The soup journey continues.. today I made my 3rd soup since back from Pai. My 2nd soup making adventure was on Pumpkin and.. so is my 3rd! Guess I really love the thick like a puree soup, served with some toasted whole wheat tortilla and pumpkin seeds here.
I've posted a Pumpkin and Sweet Potato soup before and that was really yummy too. Today's recipe is filled with the orange goodness of Pumpkin and Carrots! Carrots added a natural sweetness which is brought out by roasting them in the oven prior to cooking. Some spice, in the form of cumin and curry powder provided a savoury kick to the meal. This is seriously addictive.
1 large pumpkin (I mean really huge!)
4 large carrots
4 big onions, skinned + 1/2 big onion, sliced
2 bulbs of garlic, skinned
4 cups water
1 tsp ground coriander
1 tsp cumin seeds
1 tablespoon fish curry powder
sea salt and black pepper to taste
1. Wash, peel and chop carrots into big pieces.
2. Wash, core and chop pumpkin into big pieces. (I left the skin on)

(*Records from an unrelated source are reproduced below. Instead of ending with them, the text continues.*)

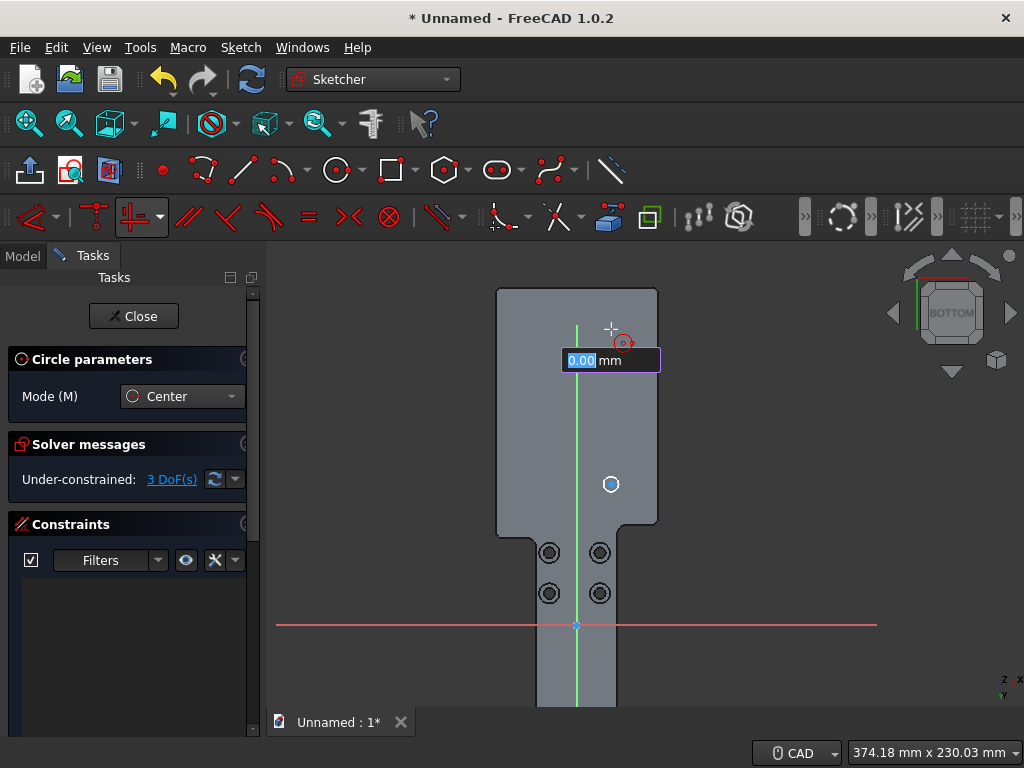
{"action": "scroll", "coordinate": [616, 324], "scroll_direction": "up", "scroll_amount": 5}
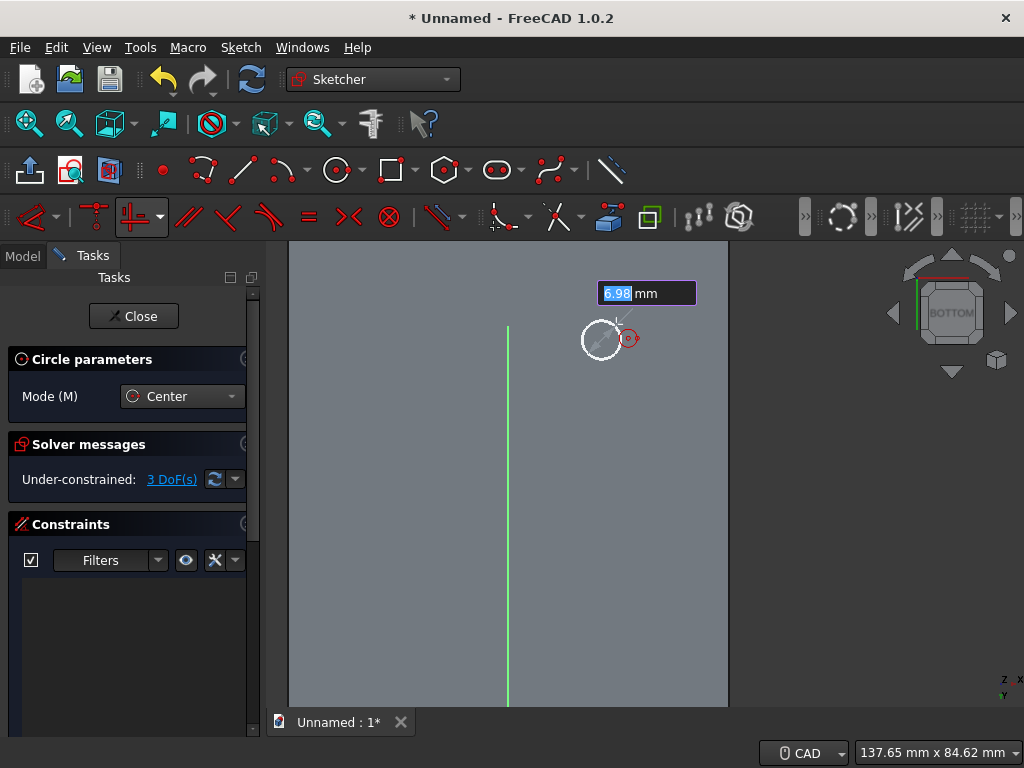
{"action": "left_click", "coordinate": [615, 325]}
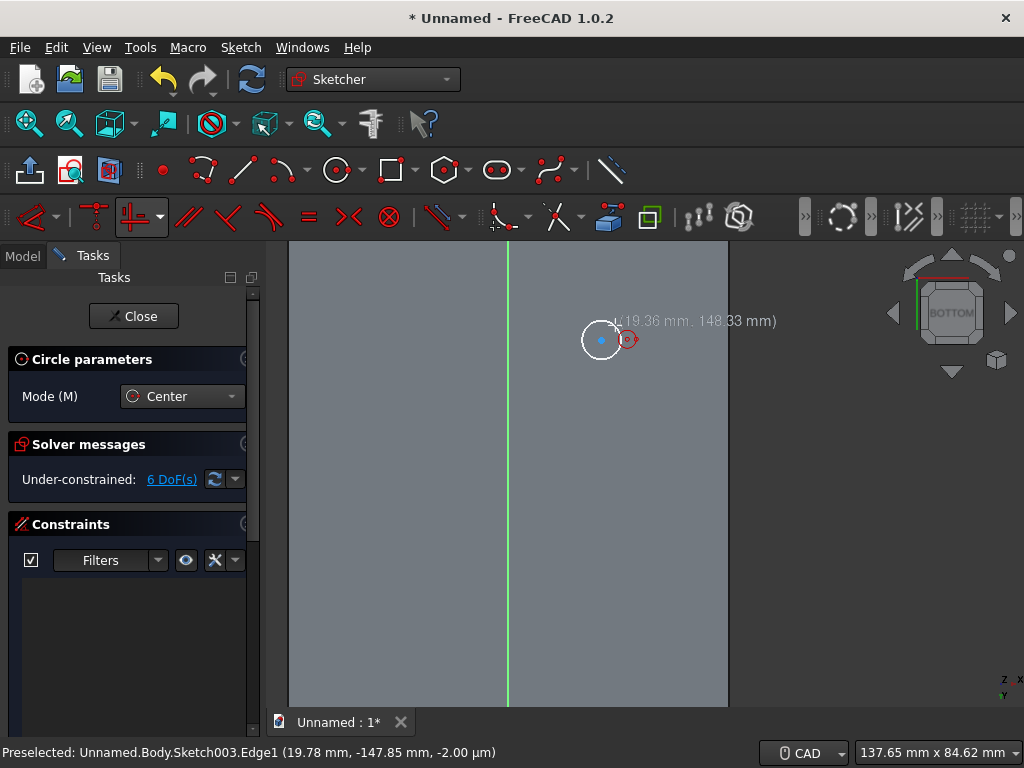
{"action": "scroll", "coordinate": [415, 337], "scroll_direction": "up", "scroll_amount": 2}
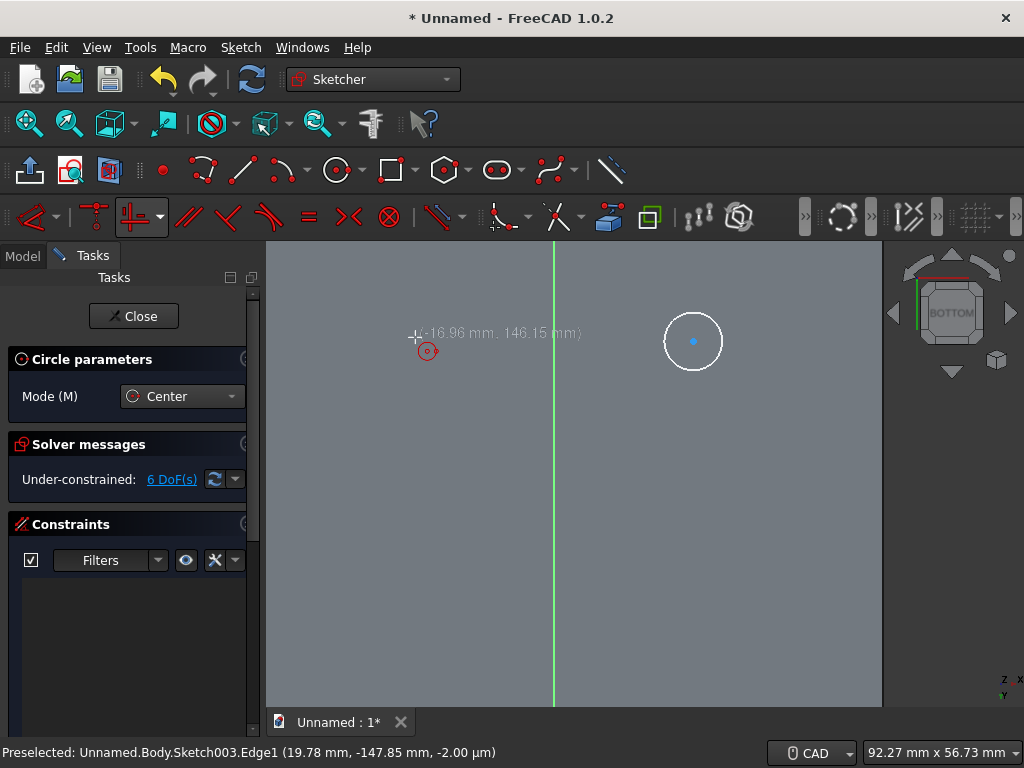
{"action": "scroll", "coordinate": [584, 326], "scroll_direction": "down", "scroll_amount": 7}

3. Roast carrots, pumpkins, onions and garlic at 200C for 30min until very soft. (I used Top Bottom Fan mode)
4. 10 minutes before the roots are soft enough, heat a tablespoon of coconut oil in a large pot and add the sliced onions. Sauteed until brown and fragrant. Add the coriander and cumin and stir into the onions.
4. Place all the roasted roots into the pot (the pumpkin flesh should tear away from the skin easily), add the water and curry powder, salt and black pepper. Simmer for 10 - 15 minutes, blend and serve.
Above makes around 10 portions of soups. I kept half in the chiller for this week of breakfast and froze the rest. Easy. Wholesome. Healthy.